О «Зефире»и его капитане ходили просто невероятные слухи. Некогда, плывя в эскорте французского посла, возвращавшегося из Польши, лишь он один сумел прорваться сквозь датскую блокаду в Зунде и вышел в Северное море; он сражался у берегов Нидерландов, помогая гезам Вильгельма Оранского; перешел на английскую службу и преследовал испанцев в Атлантике, а потом несколько лет практиковался в корсарском ремесле в Карибском море и Мексиканском заливе; в союзе то с Дрейком, то с другими корсарами взял несколько городов и портов в Новой Испании, и среди прочих Вера Крус и Сьюдад Руэда; едва не стал кациком индейского царства Амаха; захватил огромную добычу и быстро её растратил; в 1588 году поджег корабли Великой Армады в Кале и совсем недавно после победоносной атаки на Кадис догнал в открытом море втрое более крупную, тяжеловооруженную каравеллу, взял её на абордаж и захватил груз серебра и золота стоимостью в полмиллиона пистолей. Подсчитали, что за шестнадцать лет он затопил около пятидесяти неприятельских кораблей и судов, захватив добычу с двадцати из них. И никогда не был даже ранен, поскольку его мать, заподозренная в колдовстве, научила сына какому-то заклятию против пуль и сабель врагов.

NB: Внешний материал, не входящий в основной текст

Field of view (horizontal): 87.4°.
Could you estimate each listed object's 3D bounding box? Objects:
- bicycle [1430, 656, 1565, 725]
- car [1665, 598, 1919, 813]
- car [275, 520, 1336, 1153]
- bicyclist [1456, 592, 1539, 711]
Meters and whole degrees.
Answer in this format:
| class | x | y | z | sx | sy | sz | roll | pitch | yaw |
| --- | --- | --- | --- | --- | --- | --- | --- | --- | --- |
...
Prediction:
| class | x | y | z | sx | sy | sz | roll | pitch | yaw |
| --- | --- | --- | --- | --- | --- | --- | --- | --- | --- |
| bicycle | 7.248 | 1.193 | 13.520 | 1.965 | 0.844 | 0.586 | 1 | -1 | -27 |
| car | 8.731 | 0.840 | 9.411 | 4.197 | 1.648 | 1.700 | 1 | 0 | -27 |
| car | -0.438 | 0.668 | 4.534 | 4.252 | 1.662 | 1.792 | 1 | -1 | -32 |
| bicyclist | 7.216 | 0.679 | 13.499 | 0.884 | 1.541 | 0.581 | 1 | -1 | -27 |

На «Зефире» находилась возлюбленная этого героя и авантюриста, похищенная из какого-то испанского замка. Ее красота и отвага поражали всякого, кто её видел, а драгоценности и наряды могли вызвать зависть самой королевы.

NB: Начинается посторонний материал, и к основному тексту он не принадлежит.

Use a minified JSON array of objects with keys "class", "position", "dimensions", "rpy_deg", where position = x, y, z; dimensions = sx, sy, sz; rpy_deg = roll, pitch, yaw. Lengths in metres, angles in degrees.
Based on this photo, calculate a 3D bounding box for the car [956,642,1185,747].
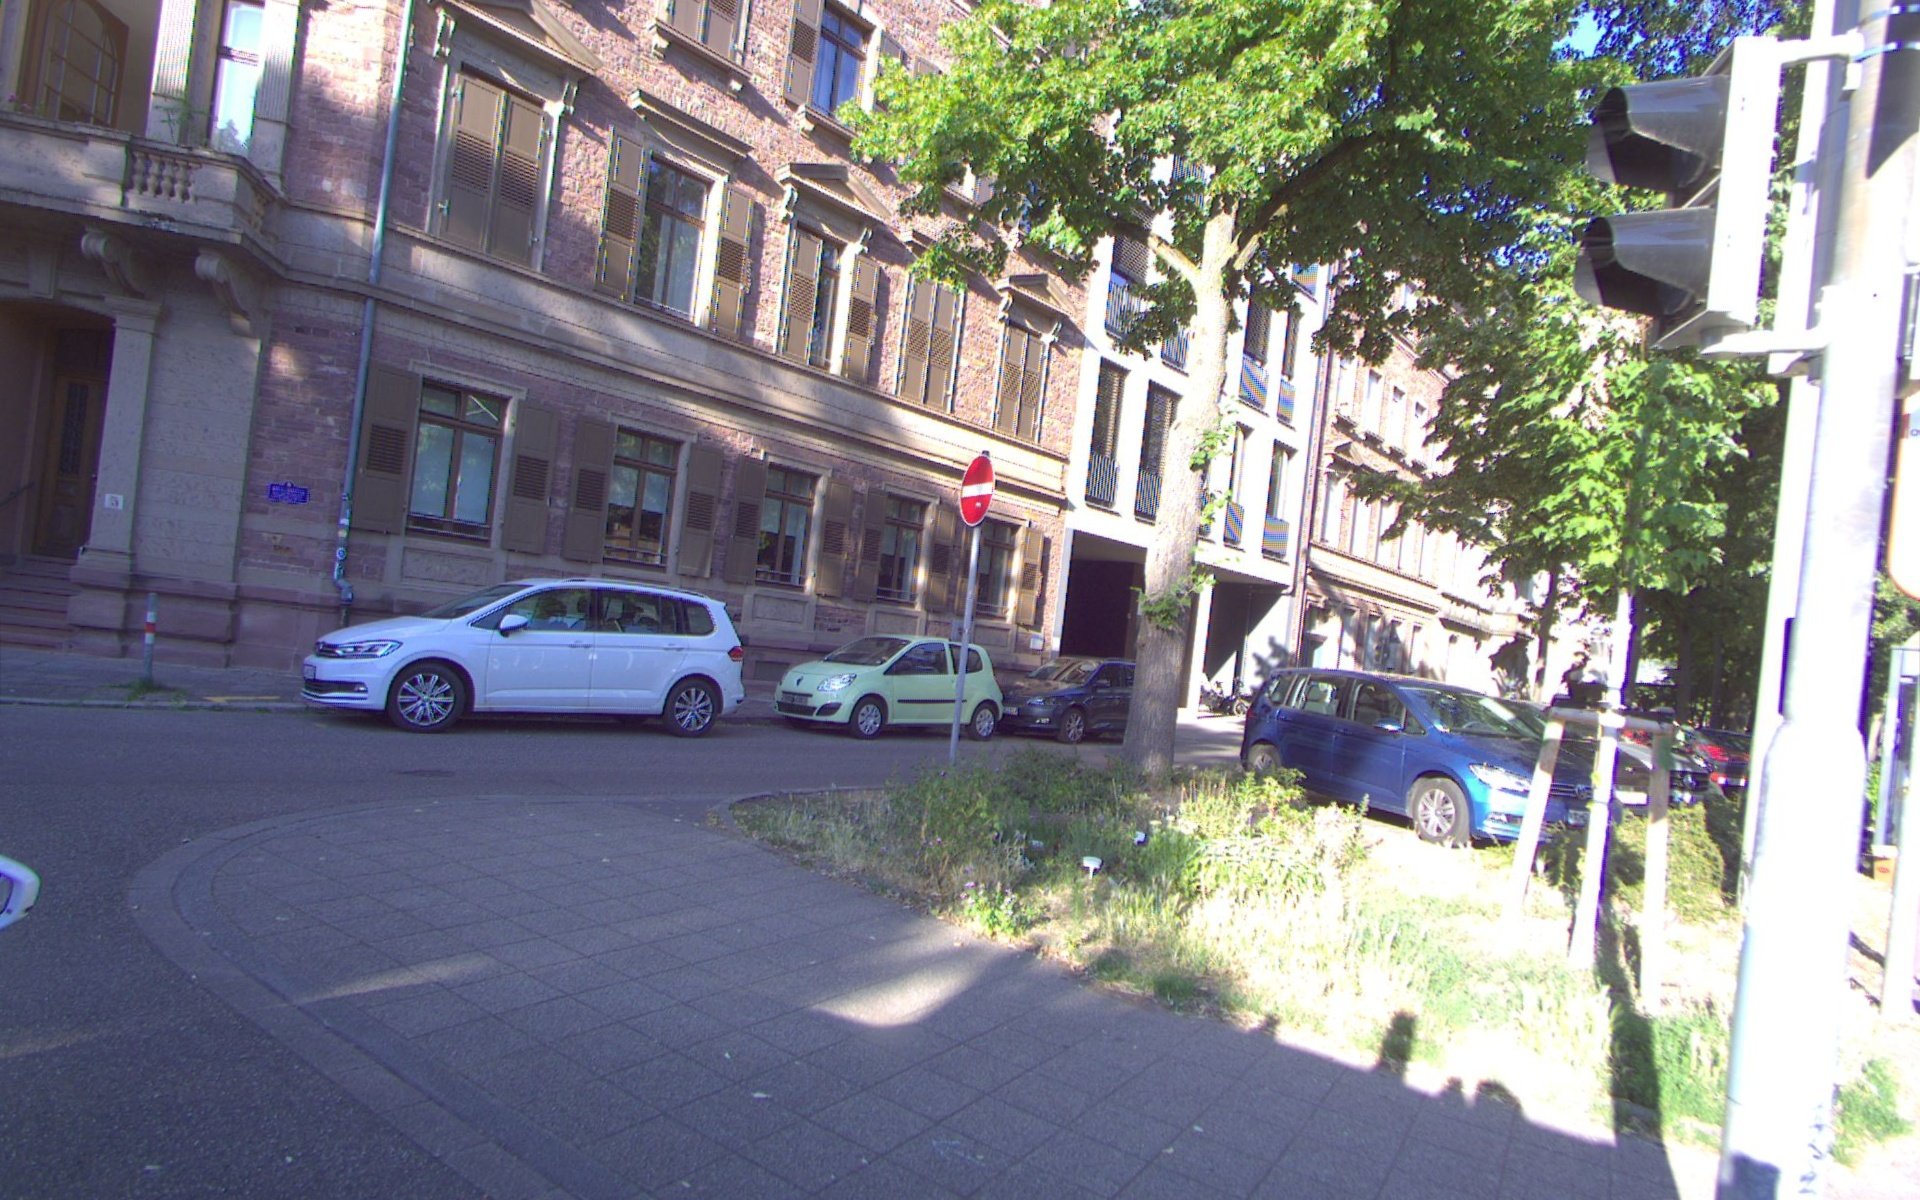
[{"class":"car","position":[2.051,1.716,17.788],"dimensions":[4.140,1.506,1.721],"rpy_deg":[9,-4,-44]}]

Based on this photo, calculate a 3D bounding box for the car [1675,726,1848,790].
[{"class":"car","position":[26.923,5.286,33.980],"dimensions":[1.781,1.294,4.270],"rpy_deg":[8,-1,-14]}]

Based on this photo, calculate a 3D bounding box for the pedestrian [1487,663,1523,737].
[{"class":"pedestrian","position":[22.809,4.176,42.132],"dimensions":[0.908,2.983,0.697],"rpy_deg":[7,0,42]}]

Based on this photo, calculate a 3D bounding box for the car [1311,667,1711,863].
[{"class":"car","position":[6.921,1.997,13.334],"dimensions":[1.900,1.654,4.539],"rpy_deg":[8,-1,-15]}]

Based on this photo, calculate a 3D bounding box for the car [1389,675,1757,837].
[{"class":"car","position":[8.862,2.191,15.121],"dimensions":[1.900,1.505,4.539],"rpy_deg":[8,-1,-15]}]

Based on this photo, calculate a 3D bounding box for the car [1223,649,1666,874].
[{"class":"car","position":[4.929,1.569,11.060],"dimensions":[1.716,1.706,4.406],"rpy_deg":[7,-3,-17]}]

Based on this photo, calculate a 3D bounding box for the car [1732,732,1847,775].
[{"class":"car","position":[40.433,7.461,49.171],"dimensions":[1.722,1.294,3.988],"rpy_deg":[8,-1,-15]}]

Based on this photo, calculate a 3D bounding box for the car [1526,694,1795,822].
[{"class":"car","position":[14.160,3.120,20.745],"dimensions":[1.896,1.742,4.549],"rpy_deg":[8,-1,-6]}]

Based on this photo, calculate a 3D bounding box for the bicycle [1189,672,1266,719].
[{"class":"bicycle","position":[7.926,2.832,29.803],"dimensions":[2.066,1.130,0.680],"rpy_deg":[8,-1,-18]}]

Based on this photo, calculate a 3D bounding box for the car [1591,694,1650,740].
[{"class":"car","position":[37.079,6.583,56.428],"dimensions":[1.972,2.198,4.592],"rpy_deg":[7,-1,42]}]

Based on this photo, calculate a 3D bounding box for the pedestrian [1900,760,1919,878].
[{"class":"pedestrian","position":[11.252,2.522,11.352],"dimensions":[0.871,1.288,0.814],"rpy_deg":[7,-1,-44]}]

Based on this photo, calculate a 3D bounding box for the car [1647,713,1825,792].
[{"class":"car","position":[24.840,4.836,32.410],"dimensions":[1.780,1.715,4.273],"rpy_deg":[8,-1,-12]}]

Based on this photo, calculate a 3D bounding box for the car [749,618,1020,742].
[{"class":"car","position":[-1.014,1.223,14.831],"dimensions":[1.720,1.506,3.706],"rpy_deg":[3,-4,44]}]

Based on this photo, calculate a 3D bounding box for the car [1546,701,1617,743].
[{"class":"car","position":[29.501,5.808,47.708],"dimensions":[1.972,1.586,4.592],"rpy_deg":[7,-1,42]}]

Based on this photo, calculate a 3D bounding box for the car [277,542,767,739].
[{"class":"car","position":[-4.585,0.547,11.058],"dimensions":[4.473,1.668,1.852],"rpy_deg":[9,-4,-45]}]

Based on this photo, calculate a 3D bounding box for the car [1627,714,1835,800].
[{"class":"car","position":[20.958,4.226,27.599],"dimensions":[1.780,1.505,4.273],"rpy_deg":[8,-1,-12]}]

Не все верили этим фантастическим россказням, но было фактом, что по крайней мере одна королева, причем владычица победоносной Англии, пылала гневом на капитана «Зефира»и жаждала мести. Не только из-за платьев и драгоценностей его любовницы, а прежде всего потому, что Мартен, оставив без предупреждения службу под английским флагом, не выплатил пятидесяти тысяч дукатов в казну Ее королевского величества, и при этом сумел вовремя обезопасить все свое состояние от посягательств казны, так что на них даже нельзя было наложить ареста. Так же, впрочем, поступили шевалье де Бельмон и капитан Каротт.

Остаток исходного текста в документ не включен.